Please return all lines from the records below that include the string "section".

=== Source material ===

- - -

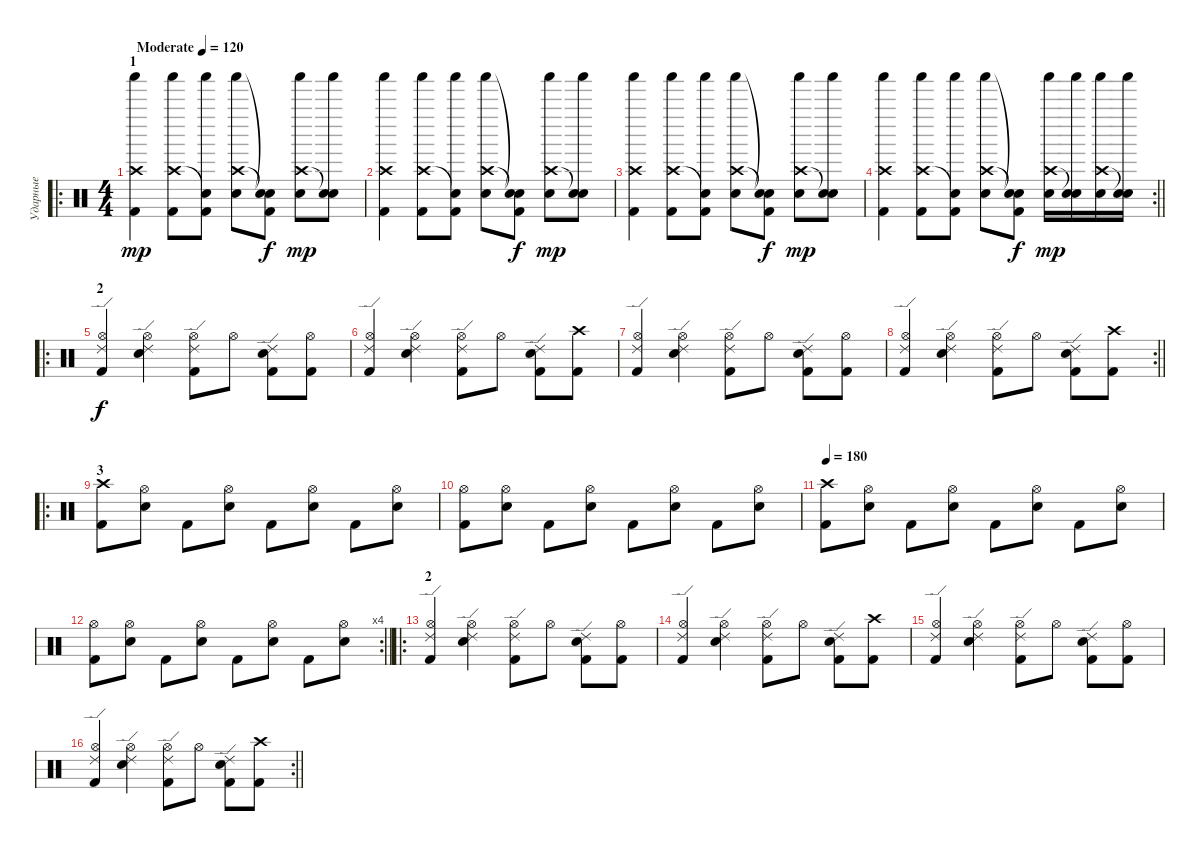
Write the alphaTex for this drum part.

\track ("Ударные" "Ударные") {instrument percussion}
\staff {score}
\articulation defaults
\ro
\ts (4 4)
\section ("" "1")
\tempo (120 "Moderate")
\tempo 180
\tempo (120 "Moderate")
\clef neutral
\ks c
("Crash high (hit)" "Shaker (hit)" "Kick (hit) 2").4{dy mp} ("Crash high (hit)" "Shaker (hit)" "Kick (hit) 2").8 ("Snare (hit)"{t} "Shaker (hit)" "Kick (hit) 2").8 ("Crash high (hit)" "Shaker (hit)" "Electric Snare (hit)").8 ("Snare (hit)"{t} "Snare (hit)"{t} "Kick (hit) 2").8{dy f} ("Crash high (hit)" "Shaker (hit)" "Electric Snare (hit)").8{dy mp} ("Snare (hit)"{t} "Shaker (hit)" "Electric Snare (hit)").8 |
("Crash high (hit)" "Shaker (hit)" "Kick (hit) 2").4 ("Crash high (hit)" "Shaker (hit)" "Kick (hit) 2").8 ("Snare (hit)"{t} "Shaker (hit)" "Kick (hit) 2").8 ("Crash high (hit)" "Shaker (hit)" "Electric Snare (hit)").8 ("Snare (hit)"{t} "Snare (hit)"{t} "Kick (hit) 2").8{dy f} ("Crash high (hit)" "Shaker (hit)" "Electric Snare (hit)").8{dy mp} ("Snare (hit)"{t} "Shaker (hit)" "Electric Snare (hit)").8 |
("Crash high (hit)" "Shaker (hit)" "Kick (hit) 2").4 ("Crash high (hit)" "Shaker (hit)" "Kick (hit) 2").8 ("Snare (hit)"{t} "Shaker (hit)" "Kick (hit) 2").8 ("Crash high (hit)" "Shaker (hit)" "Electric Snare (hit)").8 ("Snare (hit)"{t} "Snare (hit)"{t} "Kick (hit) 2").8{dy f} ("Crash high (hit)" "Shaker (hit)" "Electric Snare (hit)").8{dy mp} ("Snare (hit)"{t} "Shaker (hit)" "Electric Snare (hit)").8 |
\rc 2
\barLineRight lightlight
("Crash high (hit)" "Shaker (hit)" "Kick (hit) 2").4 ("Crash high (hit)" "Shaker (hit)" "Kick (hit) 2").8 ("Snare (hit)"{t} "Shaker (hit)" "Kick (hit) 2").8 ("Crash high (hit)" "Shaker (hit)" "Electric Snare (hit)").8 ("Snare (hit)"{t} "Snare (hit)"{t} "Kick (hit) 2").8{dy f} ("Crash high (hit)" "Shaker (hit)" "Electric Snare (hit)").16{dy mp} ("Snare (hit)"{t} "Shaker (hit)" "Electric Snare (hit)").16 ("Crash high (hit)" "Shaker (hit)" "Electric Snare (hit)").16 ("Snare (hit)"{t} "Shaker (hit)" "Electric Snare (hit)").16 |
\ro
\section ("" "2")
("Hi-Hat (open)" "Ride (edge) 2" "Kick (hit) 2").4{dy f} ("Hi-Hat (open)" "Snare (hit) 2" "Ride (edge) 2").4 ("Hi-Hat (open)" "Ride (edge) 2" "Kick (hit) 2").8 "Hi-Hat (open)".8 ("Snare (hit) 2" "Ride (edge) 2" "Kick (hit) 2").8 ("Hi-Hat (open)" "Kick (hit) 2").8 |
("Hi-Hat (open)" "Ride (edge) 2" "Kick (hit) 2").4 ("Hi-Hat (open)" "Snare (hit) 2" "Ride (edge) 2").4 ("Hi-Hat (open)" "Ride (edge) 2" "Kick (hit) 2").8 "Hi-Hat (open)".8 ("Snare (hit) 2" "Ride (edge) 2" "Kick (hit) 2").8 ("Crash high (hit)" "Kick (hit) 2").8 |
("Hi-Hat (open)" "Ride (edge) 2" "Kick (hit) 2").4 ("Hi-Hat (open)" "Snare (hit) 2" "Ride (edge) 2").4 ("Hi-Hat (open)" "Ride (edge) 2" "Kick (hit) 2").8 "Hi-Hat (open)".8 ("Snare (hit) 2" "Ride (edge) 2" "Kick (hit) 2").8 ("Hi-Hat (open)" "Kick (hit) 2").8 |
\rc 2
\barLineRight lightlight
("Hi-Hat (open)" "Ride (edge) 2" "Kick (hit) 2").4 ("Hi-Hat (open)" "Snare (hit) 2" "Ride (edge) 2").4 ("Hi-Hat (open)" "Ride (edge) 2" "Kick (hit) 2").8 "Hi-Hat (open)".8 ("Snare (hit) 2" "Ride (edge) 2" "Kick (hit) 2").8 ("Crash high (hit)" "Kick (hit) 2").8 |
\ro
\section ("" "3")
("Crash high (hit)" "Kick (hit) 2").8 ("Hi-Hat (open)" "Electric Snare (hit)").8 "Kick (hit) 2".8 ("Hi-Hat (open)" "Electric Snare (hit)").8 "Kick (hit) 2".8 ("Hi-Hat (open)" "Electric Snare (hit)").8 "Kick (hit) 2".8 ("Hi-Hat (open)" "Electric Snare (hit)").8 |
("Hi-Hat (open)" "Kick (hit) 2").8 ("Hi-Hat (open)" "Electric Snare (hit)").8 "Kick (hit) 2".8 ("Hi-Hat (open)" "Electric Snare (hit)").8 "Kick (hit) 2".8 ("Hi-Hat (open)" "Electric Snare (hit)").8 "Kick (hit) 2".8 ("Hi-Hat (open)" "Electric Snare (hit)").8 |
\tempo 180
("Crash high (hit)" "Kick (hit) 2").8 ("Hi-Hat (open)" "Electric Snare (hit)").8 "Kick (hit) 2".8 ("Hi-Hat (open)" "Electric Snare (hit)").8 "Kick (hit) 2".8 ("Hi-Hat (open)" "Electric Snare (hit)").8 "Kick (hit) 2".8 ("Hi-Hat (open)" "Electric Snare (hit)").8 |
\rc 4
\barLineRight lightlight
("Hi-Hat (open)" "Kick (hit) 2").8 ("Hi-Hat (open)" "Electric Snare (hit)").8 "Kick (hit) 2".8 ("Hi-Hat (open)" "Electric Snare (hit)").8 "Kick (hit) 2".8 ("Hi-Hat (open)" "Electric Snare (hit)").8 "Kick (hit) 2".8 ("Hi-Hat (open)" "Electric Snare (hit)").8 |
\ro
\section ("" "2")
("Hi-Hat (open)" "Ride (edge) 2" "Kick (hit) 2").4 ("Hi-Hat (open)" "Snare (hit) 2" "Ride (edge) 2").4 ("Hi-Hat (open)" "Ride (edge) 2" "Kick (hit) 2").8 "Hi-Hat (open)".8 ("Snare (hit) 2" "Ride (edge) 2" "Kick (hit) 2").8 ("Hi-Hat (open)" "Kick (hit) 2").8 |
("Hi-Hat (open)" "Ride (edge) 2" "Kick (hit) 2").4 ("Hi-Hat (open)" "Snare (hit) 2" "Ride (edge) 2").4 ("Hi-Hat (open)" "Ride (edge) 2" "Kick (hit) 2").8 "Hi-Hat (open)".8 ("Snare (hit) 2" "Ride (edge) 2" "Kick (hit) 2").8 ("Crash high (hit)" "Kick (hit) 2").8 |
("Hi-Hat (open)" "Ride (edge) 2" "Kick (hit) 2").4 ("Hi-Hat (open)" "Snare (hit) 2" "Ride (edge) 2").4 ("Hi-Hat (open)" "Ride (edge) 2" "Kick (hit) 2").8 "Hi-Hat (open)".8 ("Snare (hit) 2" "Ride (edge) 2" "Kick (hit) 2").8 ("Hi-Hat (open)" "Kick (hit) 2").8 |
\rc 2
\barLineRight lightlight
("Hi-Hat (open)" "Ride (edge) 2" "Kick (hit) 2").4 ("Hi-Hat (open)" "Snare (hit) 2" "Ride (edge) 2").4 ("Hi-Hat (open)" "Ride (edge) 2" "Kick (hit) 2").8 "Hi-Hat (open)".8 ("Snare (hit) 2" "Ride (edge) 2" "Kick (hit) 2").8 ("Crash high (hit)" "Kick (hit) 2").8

- - -

=== Task response ===
\section ("" "1")
\section ("" "2")
\section ("" "3")
\section ("" "2")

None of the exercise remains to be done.